> What you need to do: Set down, word for word, only the lines from the start of the records through the line bearing "text 2.2.5 SODAQ"; include no pictures.

> Material provided:
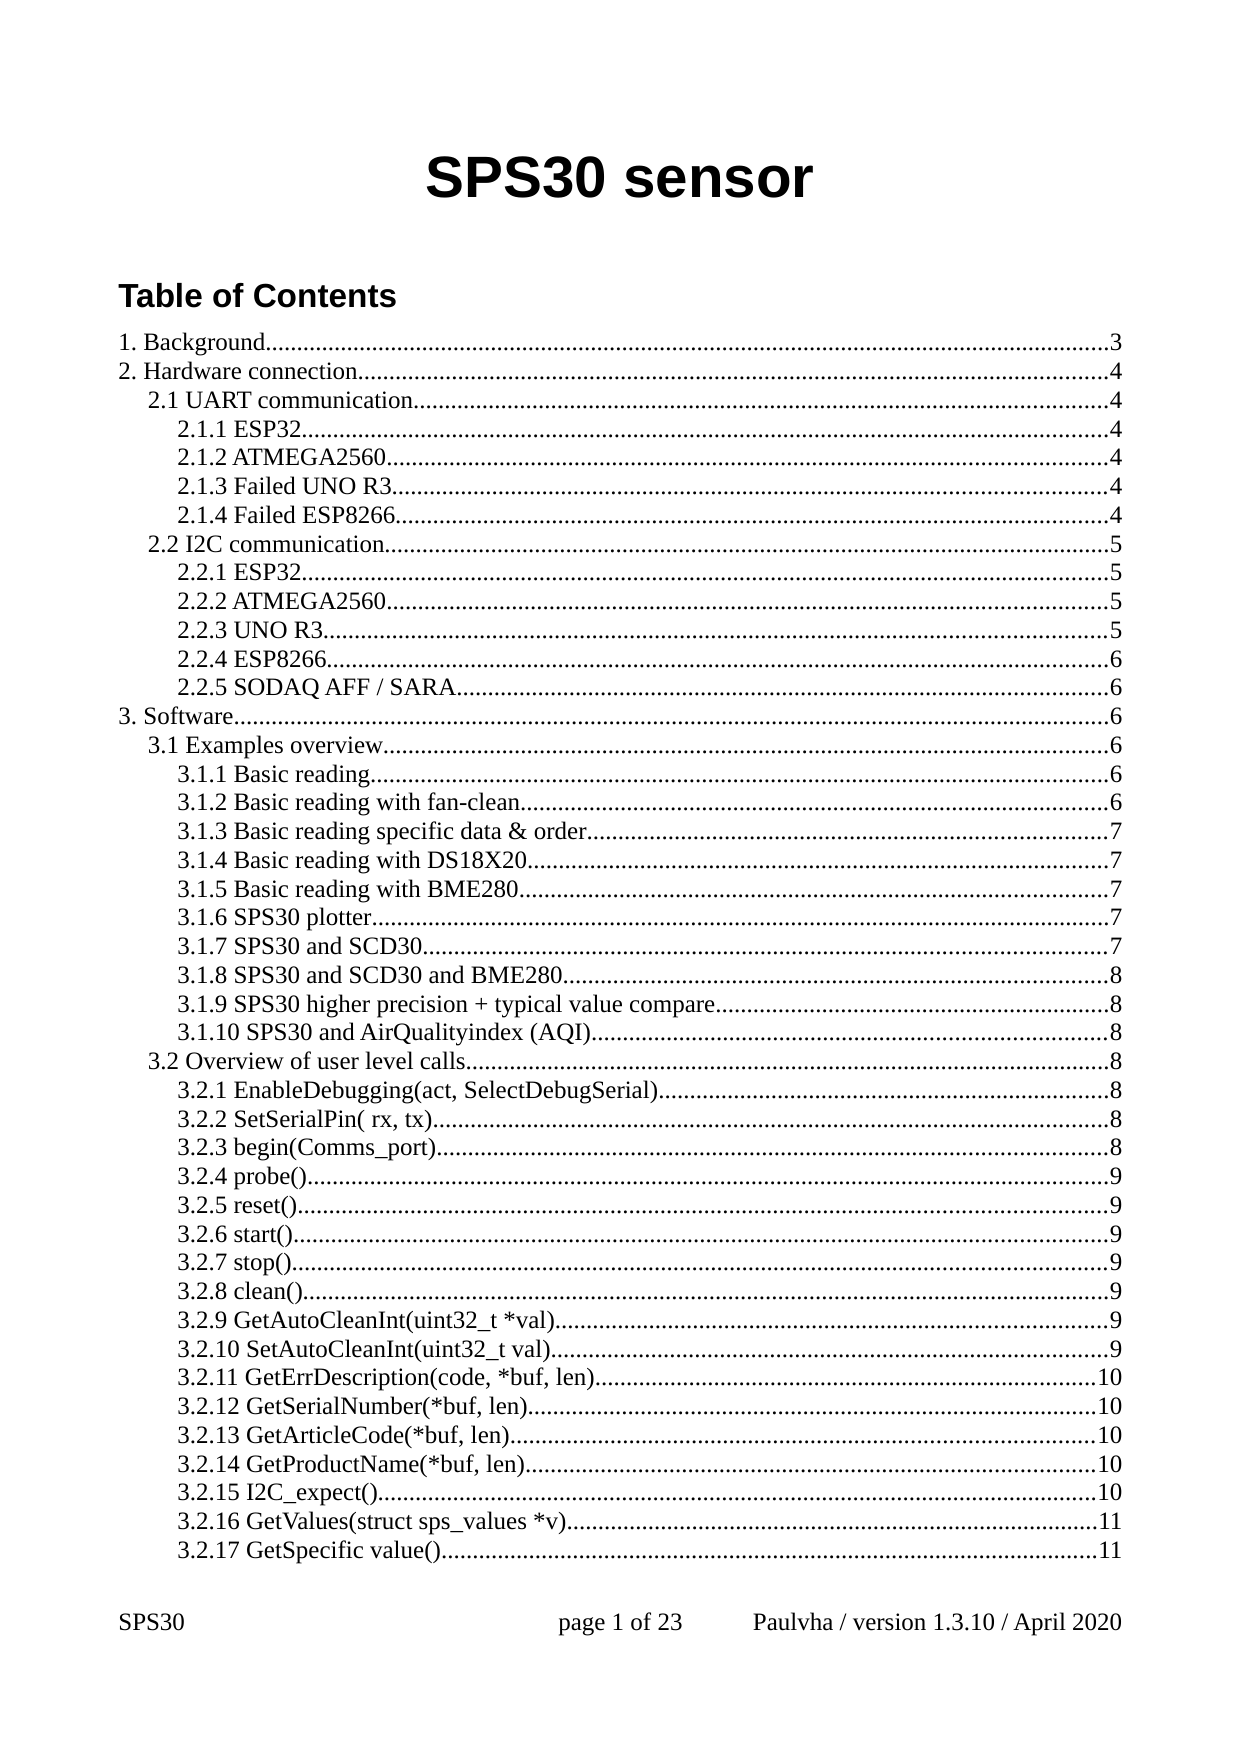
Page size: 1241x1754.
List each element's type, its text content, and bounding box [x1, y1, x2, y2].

text 3.1.8 SPS30 and SCD30 and BME280 8 [177, 960, 1122, 989]
text 3.2.4 probe() 9 [177, 1161, 1122, 1190]
text 2.1.3 Failed UNO R3 4 [177, 471, 1122, 500]
text 3.1 Examples overview 6 [148, 730, 1122, 759]
text 3.1.5 Basic reading with BME280 7 [177, 874, 1122, 902]
text 3.2.15 I2C_expect() 10 [177, 1477, 1122, 1506]
text 3.2.10 SetAutoCleanInt(uint32_t val) 9 [177, 1334, 1122, 1362]
text 1. Background 3 [118, 327, 1122, 356]
text 3.1.4 Basic reading with DS18X20 7 [177, 845, 1122, 874]
title SPS30 sensor [118, 143, 1122, 210]
text 3.2.1 EnableDebugging(act, SelectDebugSerial) 8 [177, 1075, 1122, 1104]
text 2.2.5 SODAQ AFF / SARA 6 [177, 672, 1122, 701]
text 3.2.17 GetSpecific value() 11 [177, 1535, 1122, 1564]
text 3.1.7 SPS30 and SCD30 7 [177, 931, 1122, 960]
text 2.1 UART communication 4 [148, 385, 1122, 414]
text 3.2.6 start() 9 [177, 1219, 1122, 1247]
text 3.2.5 reset() 9 [177, 1190, 1122, 1219]
text 2.2 I2C communication 5 [148, 529, 1122, 557]
text 2.2.4 ESP8266 6 [177, 644, 1122, 672]
text 3.2.9 GetAutoCleanInt(uint32_t *val) 9 [177, 1305, 1122, 1334]
text 3.1.1 Basic reading 6 [177, 759, 1122, 787]
text 2.1.4 Failed ESP8266 4 [177, 500, 1122, 529]
text 3.2.16 GetValues(struct sps_values *v) 11 [177, 1506, 1122, 1535]
text 2.1.2 ATMEGA2560 4 [177, 442, 1122, 471]
subtitle Table of Contents [118, 276, 1122, 315]
text 3.1.2 Basic reading with fan-clean 6 [177, 787, 1122, 816]
text 3.1.6 SPS30 plotter 7 [177, 902, 1122, 931]
text 3.2.8 clean() 9 [177, 1276, 1122, 1305]
text 3.2.12 GetSerialNumber(*buf, len) 10 [177, 1391, 1122, 1420]
text 2. Hardware connection 4 [118, 356, 1122, 385]
text 3.2.14 GetProductName(*buf, len) 10 [177, 1449, 1122, 1477]
text 3.1.10 SPS30 and AirQualityindex (AQI) 8 [177, 1017, 1122, 1046]
text 3.2 Overview of user level calls 8 [148, 1046, 1122, 1075]
text 3. Software 6 [118, 701, 1122, 730]
text 2.2.3 UNO R3 5 [177, 615, 1122, 644]
text 3.2.2 SetSerialPin( rx, tx) 8 [177, 1104, 1122, 1132]
text 3.2.3 begin(Comms_port) 8 [177, 1132, 1122, 1161]
text 3.2.13 GetArticleCode(*buf, len) 10 [177, 1420, 1122, 1449]
text 3.1.3 Basic reading specific data & order 7 [177, 816, 1122, 845]
text 2.1.1 ESP32 4 [177, 414, 1122, 442]
text 2.2.2 ATMEGA2560 5 [177, 586, 1122, 615]
text 3.2.7 stop() 9 [177, 1247, 1122, 1276]
text 2.2.1 ESP32 5 [177, 557, 1122, 586]
text 3.1.9 SPS30 higher precision + typical value compare 8 [177, 989, 1122, 1017]
text 3.2.11 GetErrDescription(code, *buf, len) 10 [177, 1362, 1122, 1391]

> Written solution:
Page size: 1241x1754.
List each element's type, its text content, and bounding box [x1, y1, x2, y2].

text 3.1.8 SPS30 and SCD30 and BME280 8 [177, 960, 1122, 989]
text 3.2.4 probe() 9 [177, 1161, 1122, 1190]
text 2.1.3 Failed UNO R3 4 [177, 471, 1122, 500]
text 3.1 Examples overview 6 [148, 730, 1122, 759]
text 3.1.5 Basic reading with BME280 7 [177, 874, 1122, 902]
text 3.2.15 I2C_expect() 10 [177, 1477, 1122, 1506]
text 3.2.10 SetAutoCleanInt(uint32_t val) 9 [177, 1334, 1122, 1362]
text 1. Background 3 [118, 327, 1122, 356]
text 3.1.4 Basic reading with DS18X20 7 [177, 845, 1122, 874]
title SPS30 sensor [118, 143, 1122, 210]
text 3.2.1 EnableDebugging(act, SelectDebugSerial) 8 [177, 1075, 1122, 1104]
text 2.2.5 SODAQ AFF / SARA 6 [177, 672, 1122, 701]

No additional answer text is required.